Human medicine has only recently started to regard chemical dependency as a physical and chronic illness requiring ongoing (perhaps lifelong) care, rather than a condition (like an infection) that we can treat, cure, and quickly put behind us. Understanding the evolutionary origins of addiction can improve how we care for this disease. It may help us be more compassionate to users and addicts and can help us understand that substance use in animals of all kinds is an attempt to get a little more of what we spend our lives seeking.
If you exposed a hundred people to a carcinogen, they wouldn’t all get cancer. It’s the same thing with drugs. Expose a hundred animals to a chemical molecule, and they’re not all going to get addicted to it. Not all cocker spaniels become toad lickers. Not every monkey steals cocktails or wants to drink one every day. Only some wallabies jump the fence to eat opium poppy sap.

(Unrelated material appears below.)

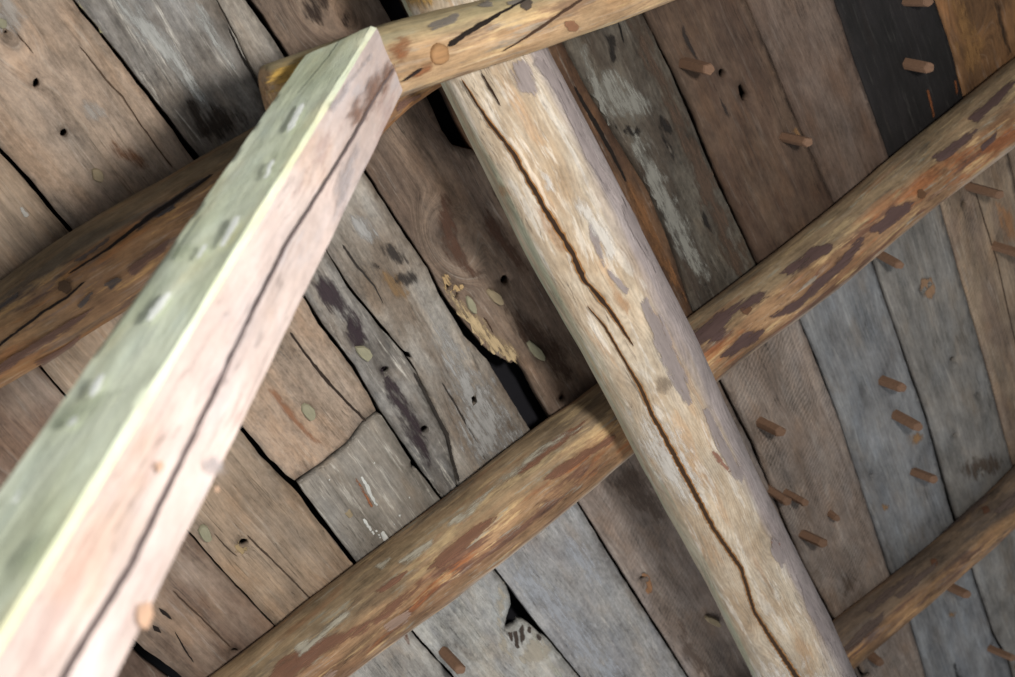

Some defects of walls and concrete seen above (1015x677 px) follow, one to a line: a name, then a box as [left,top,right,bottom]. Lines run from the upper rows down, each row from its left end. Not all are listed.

crack [461,73,801,677]
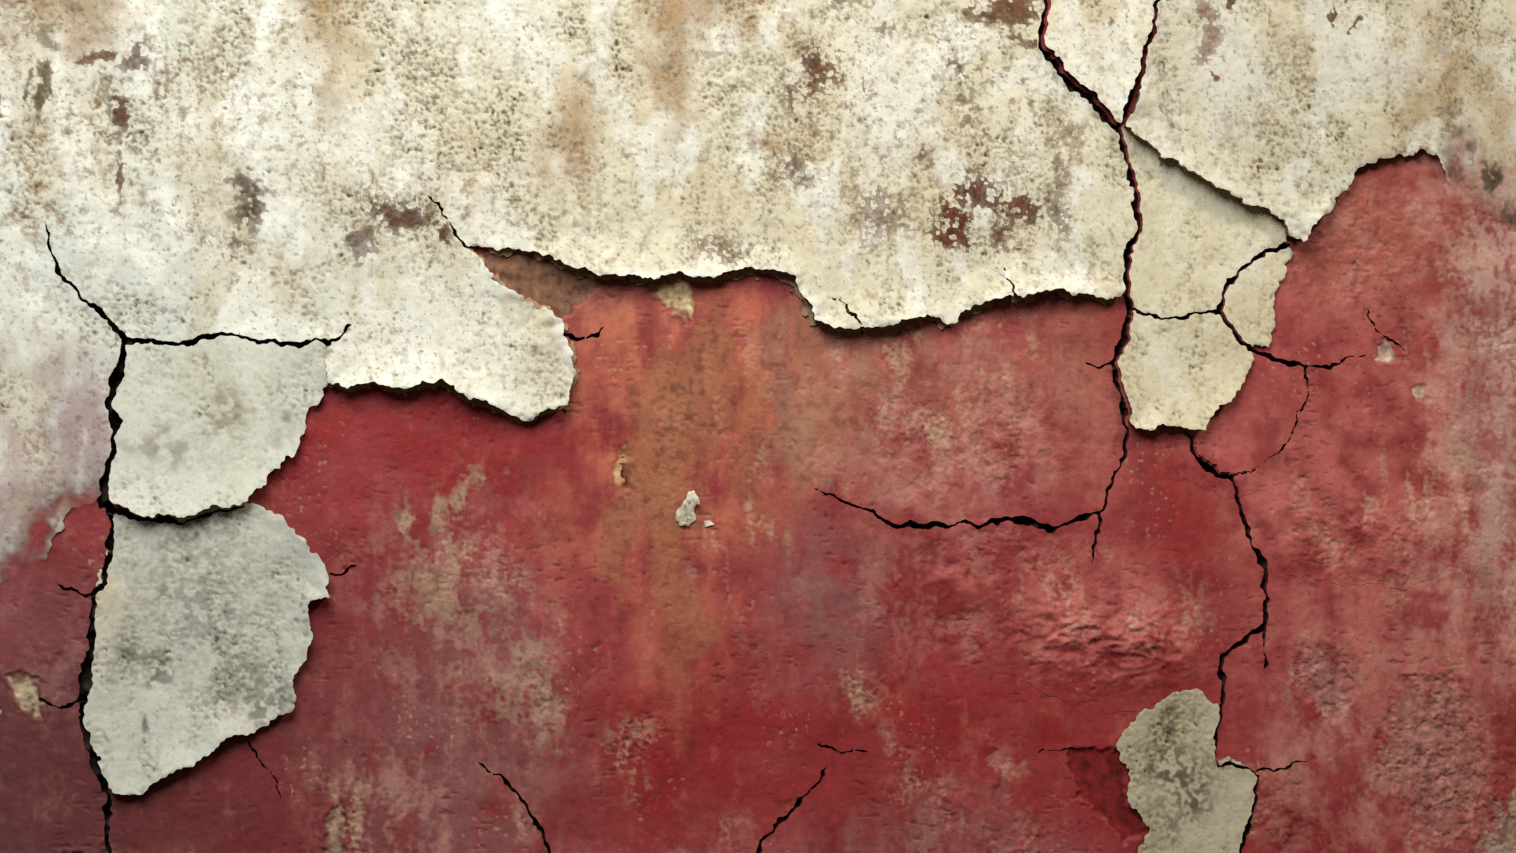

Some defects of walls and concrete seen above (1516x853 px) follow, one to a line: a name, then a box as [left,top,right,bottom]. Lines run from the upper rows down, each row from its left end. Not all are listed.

The biological term for these differences within populations is “heterogeneity.” What heterogeneity means in terms of addiction is that each person, each animal, has a slightly different response to each chemical. An abundance of research backs this up: there’s a strong genetic basis for susceptibility to addiction. Recently, families with histories of substance abuse have started educating their children about their particular inborn vulnerabilities. But environmental factors, from the climate in our mother’s uterus to the food we eat and the pathogens we encounter, also play key roles in who becomes an addict. It’s becoming clearer to scientists
that what you eat, where you live, the work you do, and even how you were parented can change how your genes are expressed. The emerging field of epigenetics considers what happens to our personal genetic code when it meets the real world. It explains why nature/nurture is not a divide but, rather, an endless feedback loop.
Genes give an individual high school sophomore a predetermined potential to become addicted to alcohol or drugs. But when and how he encounters those chemical molecules will create the epigenetic effect. For one teen, a Friday night, postgame first exposure to, say, marijuana can activate neural responses that will make cannabis a gateway drug for future use. For that teen’s best friend, that first toke might be just another moment in an ordinary get-together at a friend’s house, a teenage dalliance that he’ll laugh about in a self-deprecating way later in life. Same party; same drug; two different life outcomes. If either teen had encountered that substance as an older adult or as a younger child, again, the outcome might be different.
Like many humans, some nonhuman animals can enjoy the pleasures of substances without apparent adverse effects. The Malaysian pen-tailed tree shrew imbibes copious volumes of fermented palm nectar without observably diminished reflexes or impaired coordination. Zenyatta, a multilaureled and now retired racehorse, traditionally guzzled a Guinness after every race and went on to win the next one.
Heterogeneity stocks every animal’s lockbox with different supplies of drugs. Epigenetics calibrates the codes. Those codes are set and changed throughout our lives. But an important period of code setting occurs in childhood—infancy through adolescence. Human and animal data both suggest that the younger the animal is at first exposure to an external drug, the more likely it is to become addicted and responsive to that drug in the future.